::: Records for the task :::

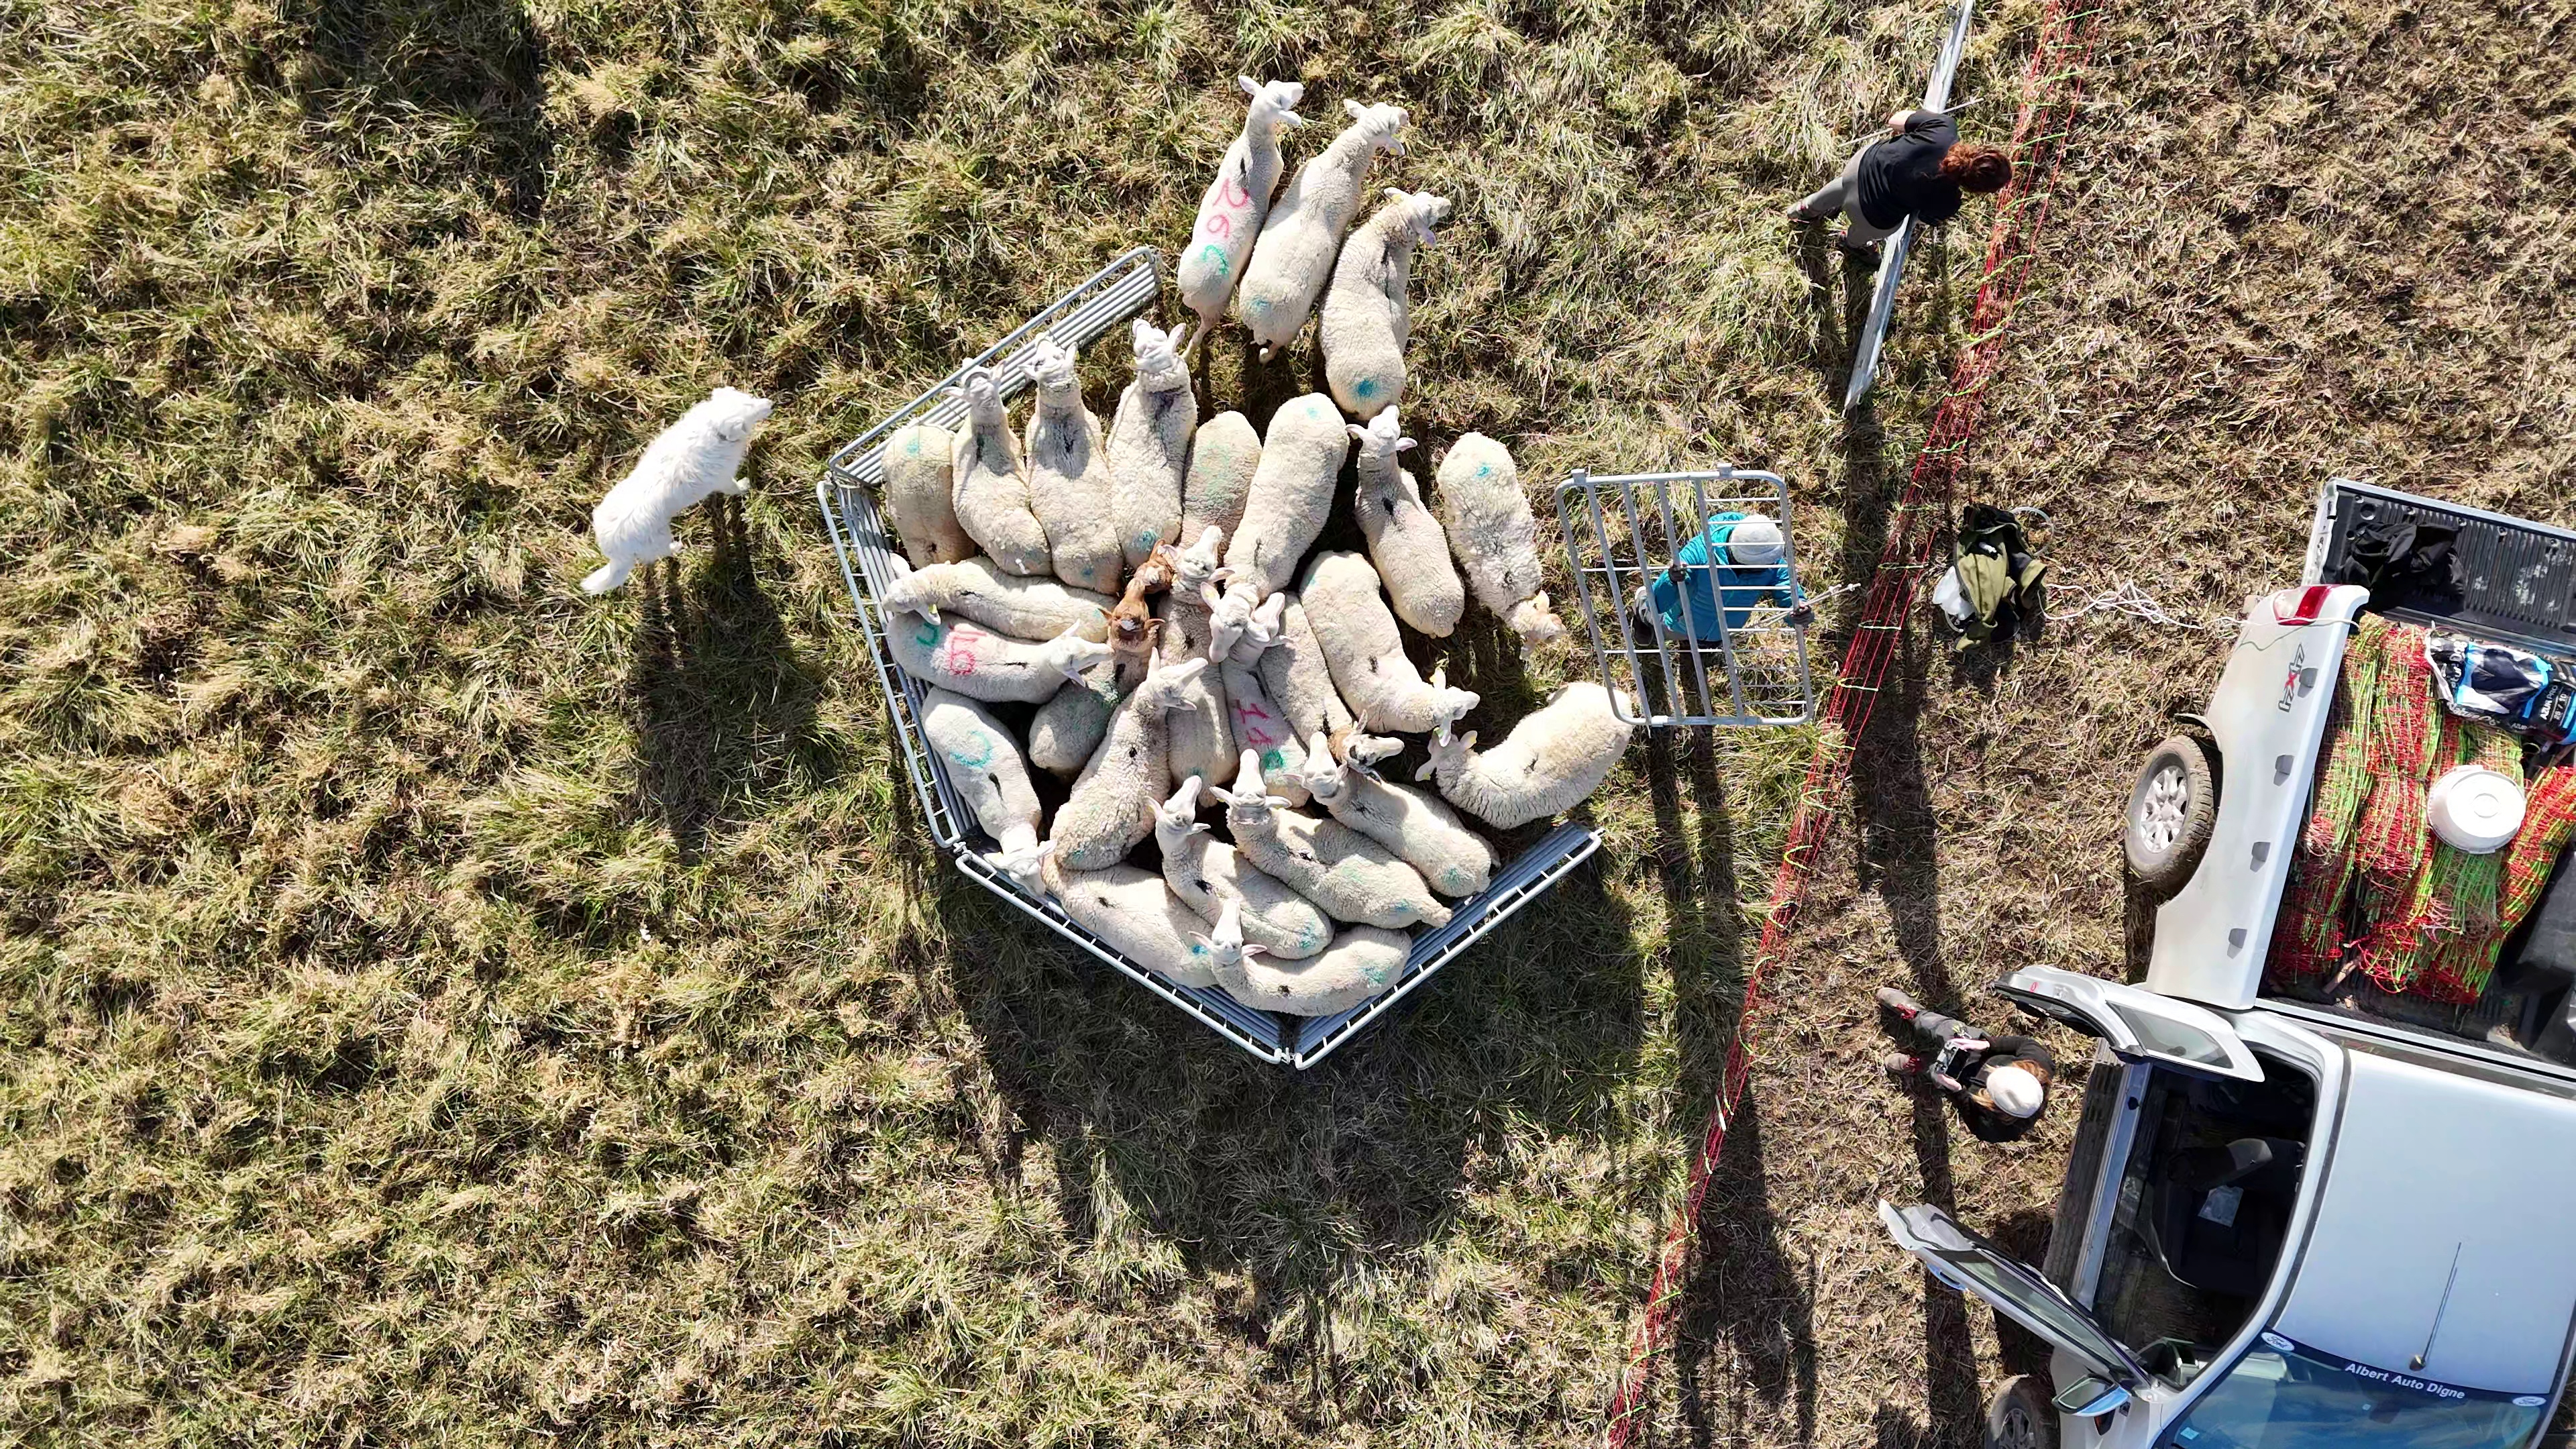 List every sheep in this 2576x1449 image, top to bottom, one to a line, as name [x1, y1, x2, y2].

sheep [1922, 0, 1979, 117]
sheep [1175, 75, 1308, 324]
sheep [1233, 99, 1408, 350]
sheep [1316, 185, 1453, 420]
sheep [1104, 319, 1197, 578]
sheep [1019, 330, 1125, 592]
sheep [942, 357, 1051, 578]
sheep [1200, 389, 1350, 664]
sheep [1345, 402, 1466, 640]
sheep [1122, 411, 1261, 599]
sheep [882, 421, 975, 570]
sheep [1434, 425, 1567, 660]
sheep [1157, 539, 1241, 807]
sheep [1298, 549, 1480, 740]
sheep [879, 554, 1121, 643]
sheep [1030, 579, 1165, 771]
sheep [1259, 591, 1406, 772]
sheep [1218, 592, 1312, 807]
sheep [886, 610, 1118, 704]
sheep [1052, 648, 1208, 873]
sheep [1418, 679, 1638, 830]
sheep [917, 685, 1053, 895]
sheep [1271, 730, 1497, 901]
sheep [1215, 748, 1449, 932]
sheep [1149, 778, 1333, 959]
sheep [1041, 849, 1221, 986]
sheep [1188, 898, 1416, 1028]

:::

The material above is to be repeated word for word, with no images kept.

Exercise solution:
 List every sheep in this 2576x1449 image, top to bottom, one to a line, as name [x1, y1, x2, y2].

sheep [1922, 0, 1979, 117]
sheep [1175, 75, 1308, 324]
sheep [1233, 99, 1408, 350]
sheep [1316, 185, 1453, 420]
sheep [1104, 319, 1197, 578]
sheep [1019, 330, 1125, 592]
sheep [942, 357, 1051, 578]
sheep [1200, 389, 1350, 664]
sheep [1345, 402, 1466, 640]
sheep [1122, 411, 1261, 599]
sheep [882, 421, 975, 570]
sheep [1434, 425, 1567, 660]
sheep [1157, 539, 1241, 807]
sheep [1298, 549, 1480, 740]
sheep [879, 554, 1121, 643]
sheep [1030, 579, 1165, 771]
sheep [1259, 591, 1406, 772]
sheep [1218, 592, 1312, 807]
sheep [886, 610, 1118, 704]
sheep [1052, 648, 1208, 873]
sheep [1418, 679, 1638, 830]
sheep [917, 685, 1053, 895]
sheep [1271, 730, 1497, 901]
sheep [1215, 748, 1449, 932]
sheep [1149, 778, 1333, 959]
sheep [1041, 849, 1221, 986]
sheep [1188, 898, 1416, 1028]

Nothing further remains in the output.